[Xapian-discuss] Giving a choice of stemming

Olly Betts olly@survex.com
Thu, 27 May 2004 04:01:06 +0100


On Wed, May 26, 2004 at 04:04:17PM +0100, Francis Irving wrote:
> In particular, I'd like to be able to make it so a plain query:
>     fox hunting
> would do stemming, but one in quotes (using QueryParser) would match
> only exact words:
>     "Mark Fisher"
> 
> Do I need to add postings with a prefix "stemmed:" or "unstemmed:" for
> every word, and munge inputs, or is there a cleverer way?

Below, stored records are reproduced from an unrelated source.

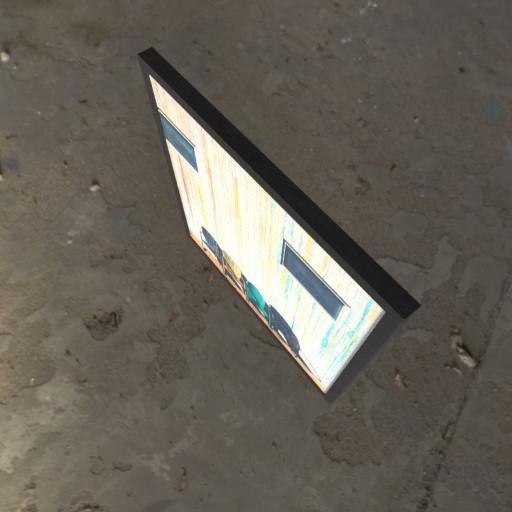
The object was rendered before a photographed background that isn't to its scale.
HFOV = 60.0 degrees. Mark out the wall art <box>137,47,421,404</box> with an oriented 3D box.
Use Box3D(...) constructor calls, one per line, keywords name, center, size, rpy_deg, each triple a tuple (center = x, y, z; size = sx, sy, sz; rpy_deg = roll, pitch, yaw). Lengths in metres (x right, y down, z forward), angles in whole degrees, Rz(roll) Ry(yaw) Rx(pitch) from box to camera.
Box3D(name="wall art", center=(0.000, 0.000, 1.148), size=(0.039, 0.763, 0.763), rpy_deg=(-35, 68, -17))
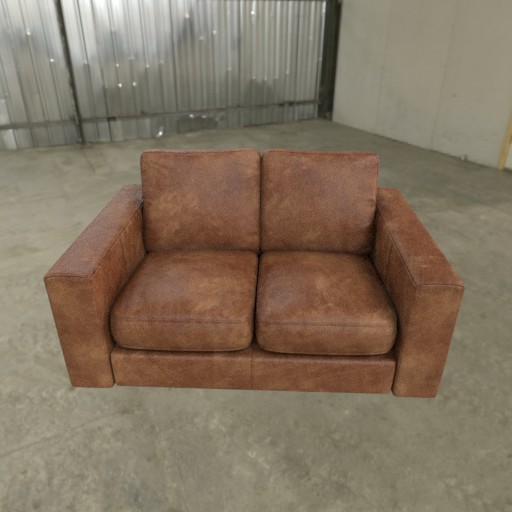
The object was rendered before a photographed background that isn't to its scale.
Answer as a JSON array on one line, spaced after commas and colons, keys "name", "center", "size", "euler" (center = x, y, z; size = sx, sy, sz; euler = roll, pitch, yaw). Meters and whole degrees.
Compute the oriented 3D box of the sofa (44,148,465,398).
[{"name": "sofa", "center": [0.000, 0.000, 2.207], "size": [1.626, 0.889, 1.041], "euler": [1, 29, 2]}]
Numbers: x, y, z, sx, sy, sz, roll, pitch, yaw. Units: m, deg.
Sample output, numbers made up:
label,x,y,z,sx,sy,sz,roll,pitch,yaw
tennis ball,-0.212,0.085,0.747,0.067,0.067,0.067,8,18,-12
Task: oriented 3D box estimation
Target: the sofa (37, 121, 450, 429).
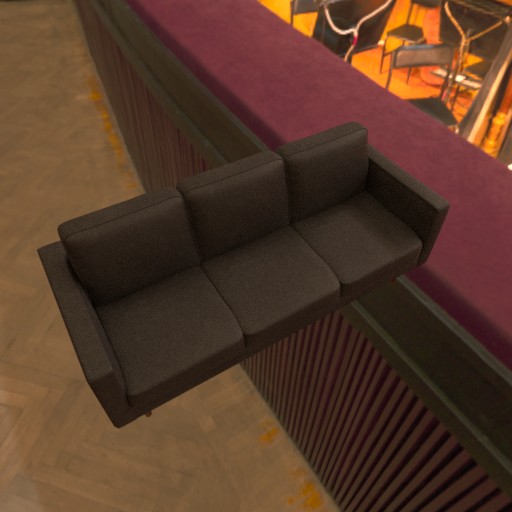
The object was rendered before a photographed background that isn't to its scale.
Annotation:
label,x,y,z,sx,sy,sz,roll,pitch,yaw
sofa,0.000,0.000,2.471,2.029,0.899,0.879,-24,52,-20
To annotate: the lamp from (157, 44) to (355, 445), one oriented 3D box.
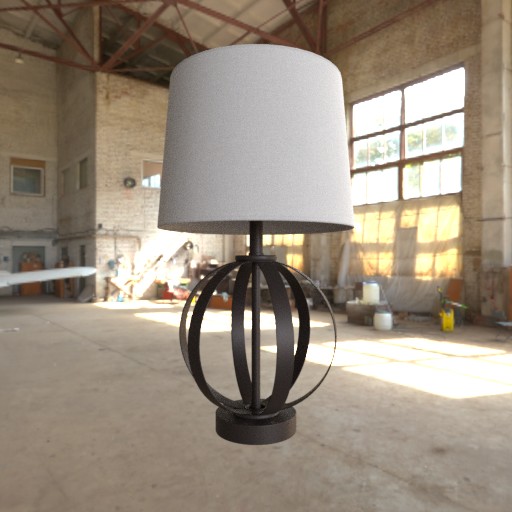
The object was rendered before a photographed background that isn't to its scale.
[{"bbox_3d":[0.000,0.000,0.659,0.286,0.510,0.286,0,-1,0],"label":"lamp"}]
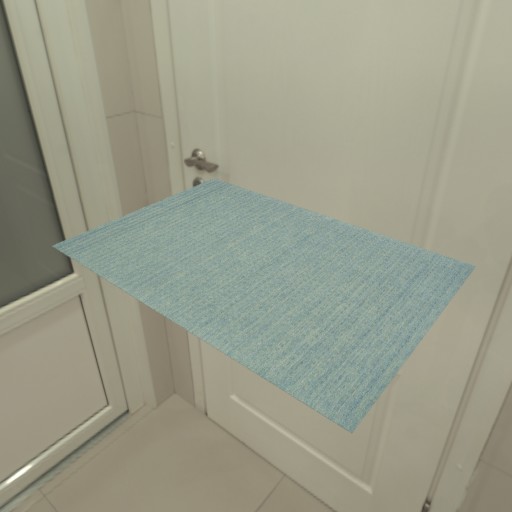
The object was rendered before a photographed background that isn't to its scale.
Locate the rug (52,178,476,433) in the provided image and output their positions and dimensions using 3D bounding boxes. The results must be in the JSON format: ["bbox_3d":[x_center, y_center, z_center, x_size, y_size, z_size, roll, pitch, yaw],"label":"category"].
[{"bbox_3d":[0.000,0.000,3.659,2.895,0.006,1.982,24,39,33],"label":"rug"}]
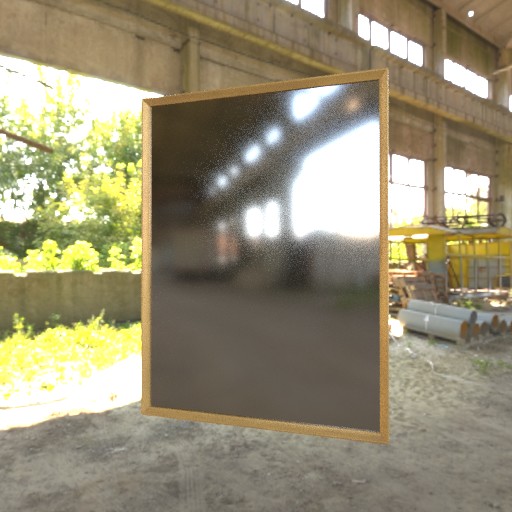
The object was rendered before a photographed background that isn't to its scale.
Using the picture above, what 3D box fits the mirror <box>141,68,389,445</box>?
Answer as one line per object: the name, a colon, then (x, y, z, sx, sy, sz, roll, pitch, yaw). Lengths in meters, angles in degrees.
mirror: (0.000, 0.000, 1.328, 0.762, 1.016, 0.041, 0, 0, 18)

The usual convention is that no prefix means stemmed, while a capital R
prefix means unstemmed.  All words are lowercased, so there's no
ambiguity.

By default, capitalised words are indexed to both a stemmed term
(R-prefix) and an unstemmed term (no prefix).  Uncapitalised words just
produce a stemmed term.  A capitalised word in a query searches for the
unstemmed (R-prefix) term.  This means that searches for names work as
users expect (no problems with a search for Mark Fisher matching
documents about fish markings).

You could generate R terms for all words, though your databases would
swell quite a bit.

> More generally, what are your guys experiences of users feelings about
> stemming?

Most seem to like it (or don't notice!)

Pretty much all the negative comments I've heard are with searching for
names - the scheme described above is aimed at addressing that.

The other negative stemming comment is when using relevance feedback:

http://www.xapian.org/search.php?P=postlist

People don't like the stemmed terms which appear (e.g. "calcul." in this
example).  Omega tries quite hard to avoid these (notice that many of
the suggested words don't have a trailing dot, so they aren't stemmed
forms) but without building an "unstem" map from the source data, it
can't always manage to avoid stemmed forms.

Academic studies also favour stemming.

Cheers,
    Olly